Um debate rasteiro
A seqüência do noticiário sobre a proposta de mudanças no sistema tributário, com aumento de algumas alíquotas, pode levar o leitor a tirar algumas conclusões apressadas e superficiais sobre o jogo político.
Desde que foram anunciadas as medidas do governo para compensar as perdas com a extinção da CPMF, os jornais vêm repetindo duas linhas de mensagens: aquela em que o governo afirma que não haverá cortes nos programas sociais e de aceleração do crescimento, e a da oposição, que critica a taxação mais elevada sobre operações financeiras, argumentando que o custo será repassado aos correntistas.
Recebidas assim, sem maiores reflexões, as duas mensagens criam um retrato muito pobre do debate. Elas podem passar a impressão de que o Executivo se preocupa primariamente com os mais pobres, que garantem a popularidade do presidente, enquanto a oposição protege os que possuem uma conta bancária.
Apesar da irracionalidade evidente dessa análise, que não leva em conta a diversidade de interesses tanto do governo quanto da oposição, os jornais começam a alimentar essa percepção, intencionalmente ou não.
Na Folha de S.Paulo, hoje, os governistas reagem à iniciativa do partido Democratas, que contestou no Supremo Tribunal Federal o aumento de impostos, afirmando que a oposição está defendendo os interesses dos bancos.
Nessa linha, o debate fica tão rasteiro que a possibilidade de um entendimento no Congresso se torna cada vez mais distante.
A reprodução literal do discurso político é sempre um risco.
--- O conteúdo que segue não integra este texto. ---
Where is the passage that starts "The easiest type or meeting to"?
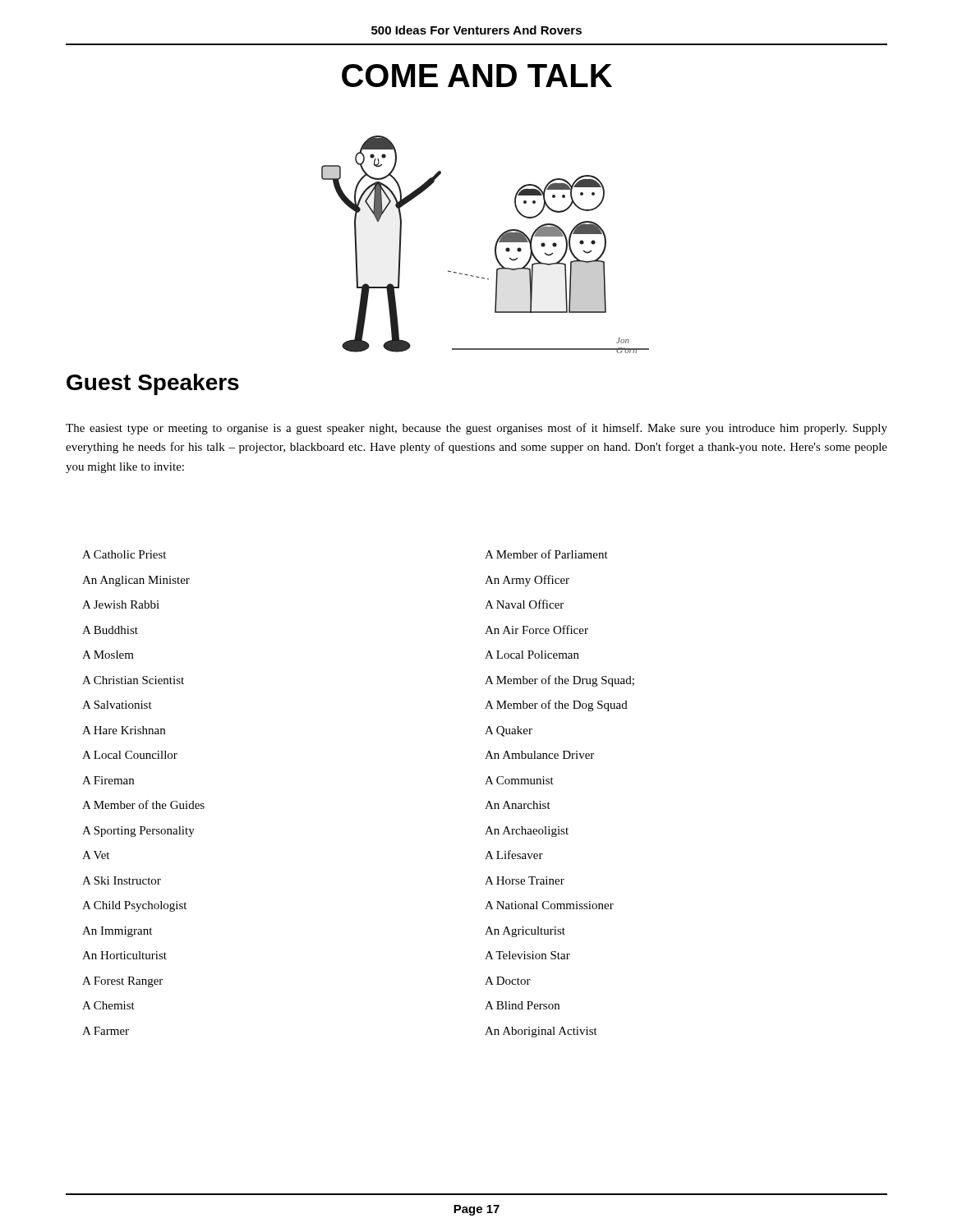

Principalmente quando o noticiário omite o contexto em que as frases são pronunciadas.
Em busca das palavras de maior efeito, o texto jornalístico perde clareza e pode induzir o leitor a uma compreensão errada dos fatos.
Num momento em que o Congresso readquire certa autonomia, mesmo que se possa questionar as razões dos parlamentares ou o acerto de suas decisões, seria importante dar ao cidadão a oportunidade de conhecer e valorizar as divergências democráticas.
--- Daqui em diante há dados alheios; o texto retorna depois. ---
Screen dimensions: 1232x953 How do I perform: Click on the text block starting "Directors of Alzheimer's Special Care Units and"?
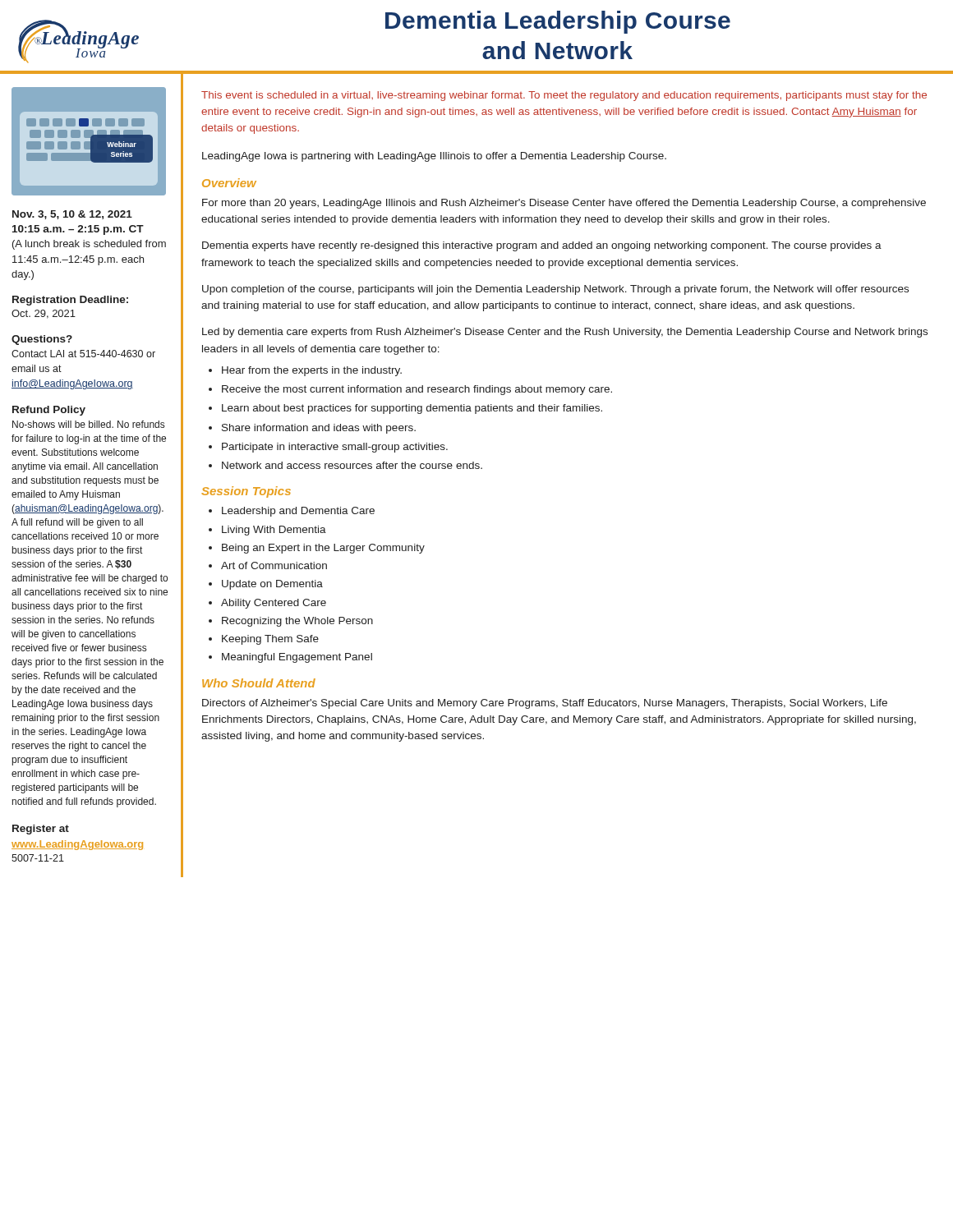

Mas do jeito que vem o noticiário, pode parecer a muitos leitores que tudo não passa de picuinhas.
Pisando no freio
A reprodução literal de frases de efeito tem seus perigos, principalmente quando o personagem é praticante contumaz de metáforas mais ou menos fora de ordem.
Quando, por exemplo, o verborrágico presidente da República afirma que o Brasil terá de cortar ‘na veia’, ele não está sugerindo que cortemos os pulsos.
Ele provavelmente quis dizer que, não havendo gordura nas contas públicas, o corte vai afetar setores importantes.
Pode-se discutir se existe ou não muita gordura no orçamento federal, e essa é uma das questões que estão faltando ao noticiário. Também se pode e se deve questionar as prioridades do Executivo, sem que se abandone a necessidade da continuidade de políticas públicas de redução da pobreza.
Mas o que os jornais nos têm apresentado não permite ao leitor entender o quadro mais completo em que acontece o debate sobre a questão tributária.
Não parece que o Brasil esteja à beira do abismo, a ponto de cortar as próprias veias, nem que esteja navegando em um mar de serenidade absoluta, a ponto de reduzir suas políticas sociais.
Pelo contrário, nossas carências sociais ainda são gigantescas.
O que se torna cada vez mais claro, embora não esteja explícito no noticiário do dia-a-dia, é que o governo optou por colocar algum freio no consumo, por causa dos sinais de inflação.
A redução no limite para os empréstimos consignados a beneficiários da Previdência Social é um sinal claro de que o governo quer manter sob controle o endividamento da população.
Associada ao aumento do custo de operações financeiras, que deve afetar o crédito, essa medida sinaliza certa preocupação oficial com o futuro imediato.
Mas os jornais ainda não se preocuparam em apresentar esse quadro.
O espaço está muito ocupado por frases de efeito.
O debate político é muito interessante.
No setor econômico, os sucessos das empresas também são um tema preferido pela imprensa.
Mas falta claramente uma abordagem mais constante da questão macroeconômica.
Quando a população está bem informada sobre suas contas, ela tende a se tornar mais responsável, sem necessitar da tutela de governantes. Ou da imprensa.